= Australian Medical Council =

The Australian Medical Council (AMC) is an independent national standards and assessment body for medical education and training. It was established in 1985.

== Purpose ==
The purpose of the AMC is:
"To ensure that standards of education, training and assessment of the medical profession promote and protect the health of the Australian community."

== Functions ==
The AMC's major functions include:
- accrediting medical education and training providers and their programs
- developing standards, policies and procedures for the accreditation of medical programs and for the assessment of international medical graduates seeking registration in Australia
- assessing the knowledge, clinical skills and professional attributes of overseas qualified medical practitioners seeking registration in medicine under the Health Practitioner Regulation National Law
- assessing the case for recognition of medical specialties
- giving advice and making recommendations to federal, state and territory governments and agencies, including medical regulatory authorities, in relation to
  - accreditation and accreditation standards for the medical profession
  - the registration of medical practitioners
  - the assessment and recognition of overseas qualifications of medical practitioners
  - the recognition of medical specialties.

==Certification==
AMC certification is required for international medical graduates (IMGs) who wish to be licensed in Australia. To achieve AMC certification, an IMG must pass the AMC MCQ Exam and the AMC Clinical exam, as well as having the medical diploma verified.
- The AMC MCQ exam consists of 150 multiple choice questions (MCQs) organized through computer adaptive scoring.

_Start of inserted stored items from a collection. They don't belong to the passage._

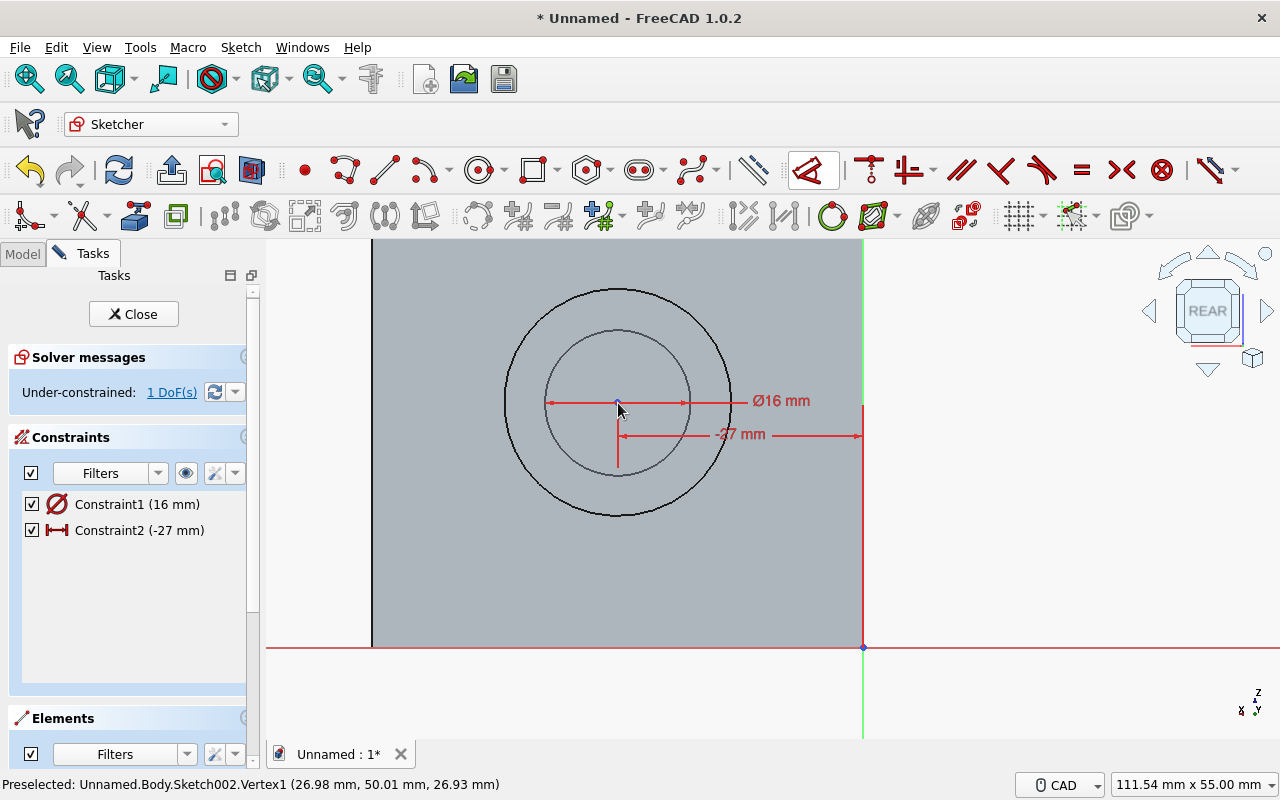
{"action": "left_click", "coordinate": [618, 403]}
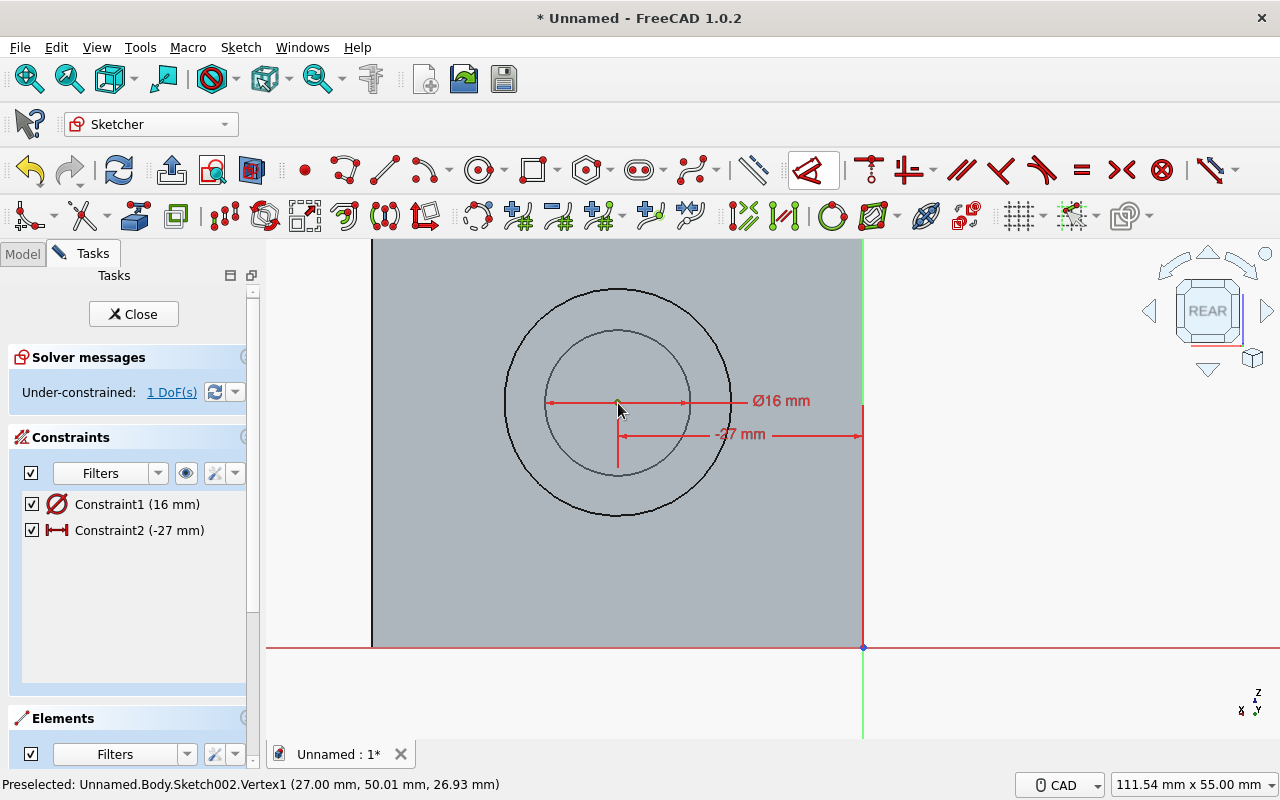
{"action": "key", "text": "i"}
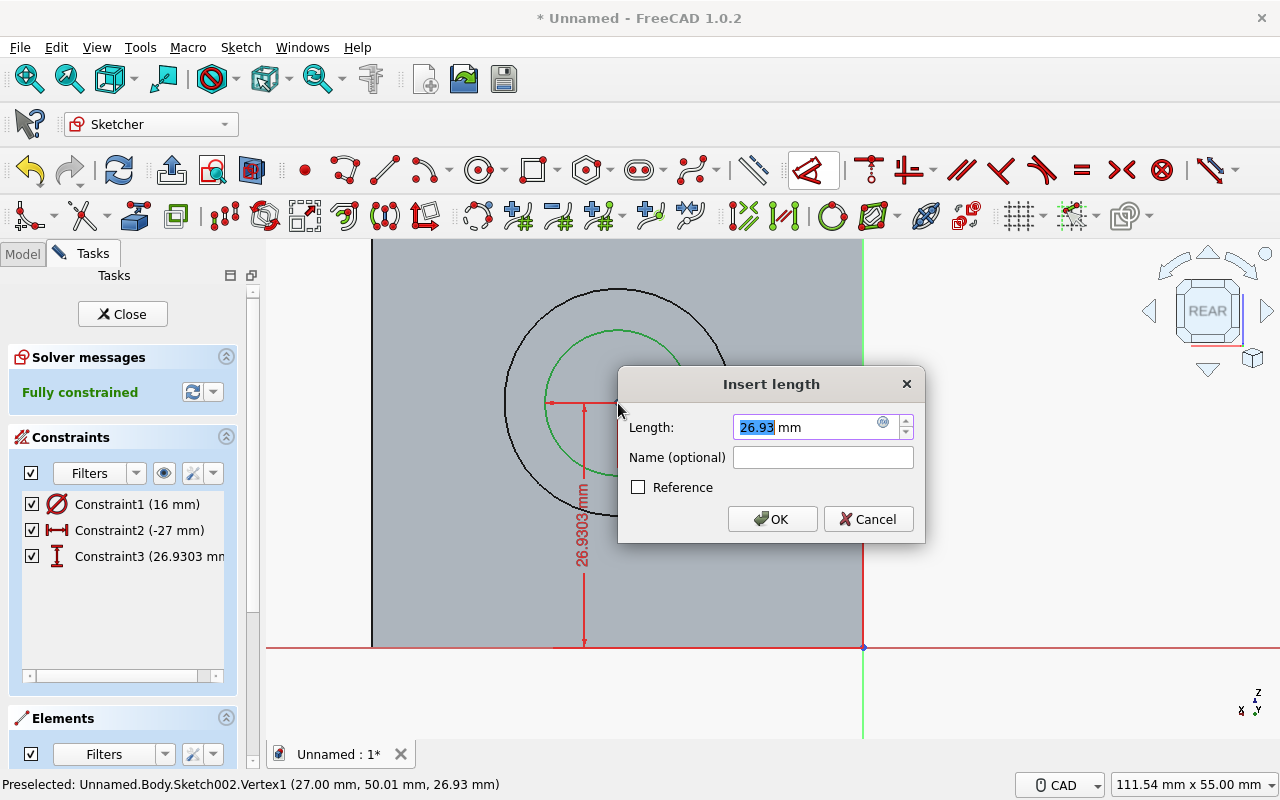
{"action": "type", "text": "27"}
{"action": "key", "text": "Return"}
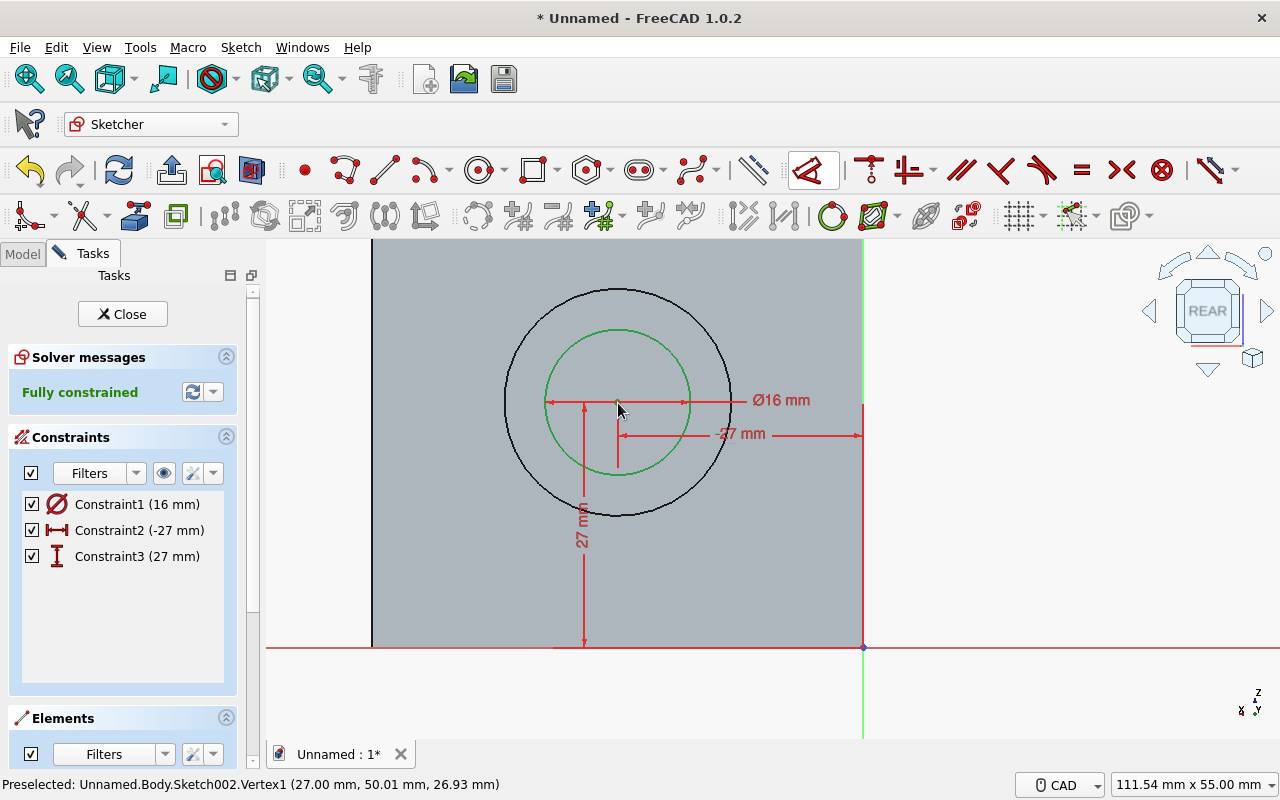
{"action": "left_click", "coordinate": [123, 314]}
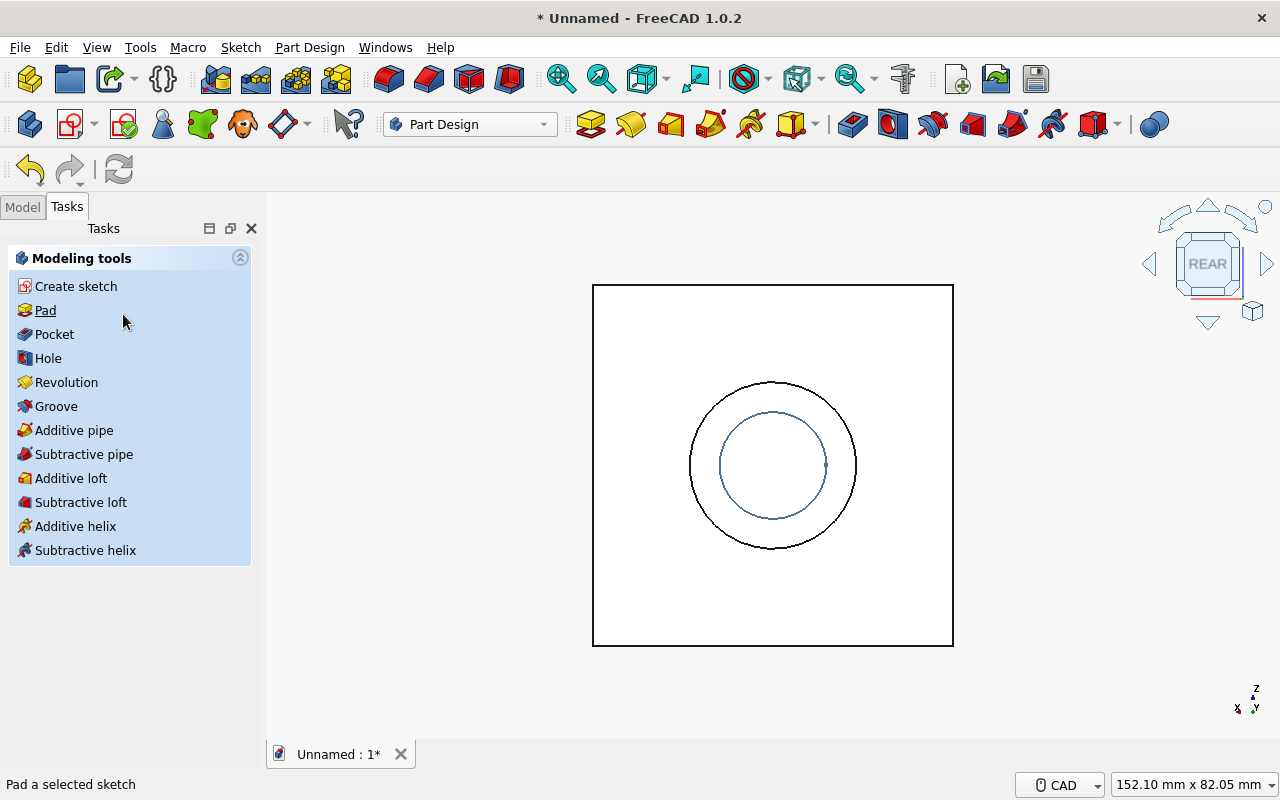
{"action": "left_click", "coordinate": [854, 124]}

It is delivered in one 3.5 hour session. The pass mark is set to match the level of knowledge required by Australian medical schools for their final-year graduates.
- The AMC clinical exam consists of 16 stations. At each station the candidate has two minutes to read a presentation of a case and what tasks the candidate is expected to perform. Each station usually has three or four tasks. A task may include taking a focused medical history, performing a focused physical examination, suggesting differential diagnoses or further diagnostic procedures, or informing about treatments. A candidate then has eight minutes to perform the tasks, and is required to pass 12 out of 16 cases including one compulsory case in each of gynecology and pediatrics.